TASK OBJECTIVE
First find the line containing "Screen dimensions: 1308x924" in the data, then set it down exactly along with every line after it, through the last.

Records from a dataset
● ● ● ●

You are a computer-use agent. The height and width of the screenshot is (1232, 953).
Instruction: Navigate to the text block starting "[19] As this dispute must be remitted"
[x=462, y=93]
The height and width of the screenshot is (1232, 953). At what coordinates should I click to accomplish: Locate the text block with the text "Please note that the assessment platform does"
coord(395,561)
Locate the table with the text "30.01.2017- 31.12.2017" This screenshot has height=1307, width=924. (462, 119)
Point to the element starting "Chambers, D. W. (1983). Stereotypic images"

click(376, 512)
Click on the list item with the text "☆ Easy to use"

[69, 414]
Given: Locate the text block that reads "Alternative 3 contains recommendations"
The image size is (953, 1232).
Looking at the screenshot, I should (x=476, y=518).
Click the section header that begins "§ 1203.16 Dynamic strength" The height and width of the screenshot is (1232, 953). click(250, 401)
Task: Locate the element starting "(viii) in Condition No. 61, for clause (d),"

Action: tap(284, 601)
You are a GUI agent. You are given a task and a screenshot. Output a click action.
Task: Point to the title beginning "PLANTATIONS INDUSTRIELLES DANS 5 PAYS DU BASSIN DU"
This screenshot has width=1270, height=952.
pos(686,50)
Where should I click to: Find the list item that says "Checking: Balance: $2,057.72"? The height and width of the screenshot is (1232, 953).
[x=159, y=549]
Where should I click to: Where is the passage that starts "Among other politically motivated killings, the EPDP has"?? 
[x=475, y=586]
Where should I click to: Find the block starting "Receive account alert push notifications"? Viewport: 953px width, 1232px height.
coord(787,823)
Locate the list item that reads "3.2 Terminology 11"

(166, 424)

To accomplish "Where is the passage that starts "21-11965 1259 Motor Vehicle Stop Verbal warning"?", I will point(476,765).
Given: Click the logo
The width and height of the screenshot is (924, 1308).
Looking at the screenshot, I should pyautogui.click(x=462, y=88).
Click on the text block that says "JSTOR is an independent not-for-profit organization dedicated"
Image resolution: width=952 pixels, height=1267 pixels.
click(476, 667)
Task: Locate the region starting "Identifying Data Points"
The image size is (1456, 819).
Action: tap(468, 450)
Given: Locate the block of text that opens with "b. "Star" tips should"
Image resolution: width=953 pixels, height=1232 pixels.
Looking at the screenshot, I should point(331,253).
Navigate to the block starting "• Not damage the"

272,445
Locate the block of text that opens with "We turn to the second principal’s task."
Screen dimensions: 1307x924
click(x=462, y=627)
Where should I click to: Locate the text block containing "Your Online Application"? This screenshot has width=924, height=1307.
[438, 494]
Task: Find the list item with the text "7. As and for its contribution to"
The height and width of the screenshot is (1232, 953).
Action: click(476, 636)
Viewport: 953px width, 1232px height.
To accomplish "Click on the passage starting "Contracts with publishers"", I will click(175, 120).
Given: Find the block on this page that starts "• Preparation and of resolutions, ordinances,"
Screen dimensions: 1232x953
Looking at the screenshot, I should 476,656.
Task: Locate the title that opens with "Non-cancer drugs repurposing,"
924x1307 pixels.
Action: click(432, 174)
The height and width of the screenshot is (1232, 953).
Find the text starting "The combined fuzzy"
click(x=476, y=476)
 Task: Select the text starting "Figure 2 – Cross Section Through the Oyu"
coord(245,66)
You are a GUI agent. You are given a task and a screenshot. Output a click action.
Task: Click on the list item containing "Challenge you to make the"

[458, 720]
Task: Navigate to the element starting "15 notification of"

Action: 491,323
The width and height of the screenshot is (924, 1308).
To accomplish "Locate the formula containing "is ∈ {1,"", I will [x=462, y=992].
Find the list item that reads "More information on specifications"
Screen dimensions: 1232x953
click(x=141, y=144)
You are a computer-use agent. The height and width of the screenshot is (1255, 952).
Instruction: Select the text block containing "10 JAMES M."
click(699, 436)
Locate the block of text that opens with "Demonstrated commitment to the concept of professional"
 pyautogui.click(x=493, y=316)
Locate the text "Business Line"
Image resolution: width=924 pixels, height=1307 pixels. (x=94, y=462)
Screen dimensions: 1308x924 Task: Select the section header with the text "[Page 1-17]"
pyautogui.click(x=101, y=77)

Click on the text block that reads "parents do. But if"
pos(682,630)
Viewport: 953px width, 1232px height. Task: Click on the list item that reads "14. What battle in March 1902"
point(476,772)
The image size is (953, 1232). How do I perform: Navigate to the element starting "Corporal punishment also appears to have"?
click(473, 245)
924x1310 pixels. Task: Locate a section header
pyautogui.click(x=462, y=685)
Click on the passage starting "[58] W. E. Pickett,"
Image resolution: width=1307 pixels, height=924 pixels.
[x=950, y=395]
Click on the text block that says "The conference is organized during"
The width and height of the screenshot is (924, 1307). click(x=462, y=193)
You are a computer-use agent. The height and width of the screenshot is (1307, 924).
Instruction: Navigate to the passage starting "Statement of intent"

● ● ● ●

RESULT OF THE TASK
Screen dimensions: 1308x924 Task: Select the section header with the text "[Page 1-17]"
pyautogui.click(x=101, y=77)

Click on the text block that reads "parents do. But if"
pos(682,630)
Viewport: 953px width, 1232px height. Task: Click on the list item that reads "14. What battle in March 1902"
point(476,772)
The image size is (953, 1232). How do I perform: Navigate to the element starting "Corporal punishment also appears to have"?
click(473, 245)
924x1310 pixels. Task: Locate a section header
pyautogui.click(x=462, y=685)
Click on the passage starting "[58] W. E. Pickett,"
Image resolution: width=1307 pixels, height=924 pixels.
[x=950, y=395]
Click on the text block that says "The conference is organized during"
The width and height of the screenshot is (924, 1307). click(x=462, y=193)
You are a computer-use agent. The height and width of the screenshot is (1307, 924).
Instruction: Navigate to the passage starting "Statement of intent"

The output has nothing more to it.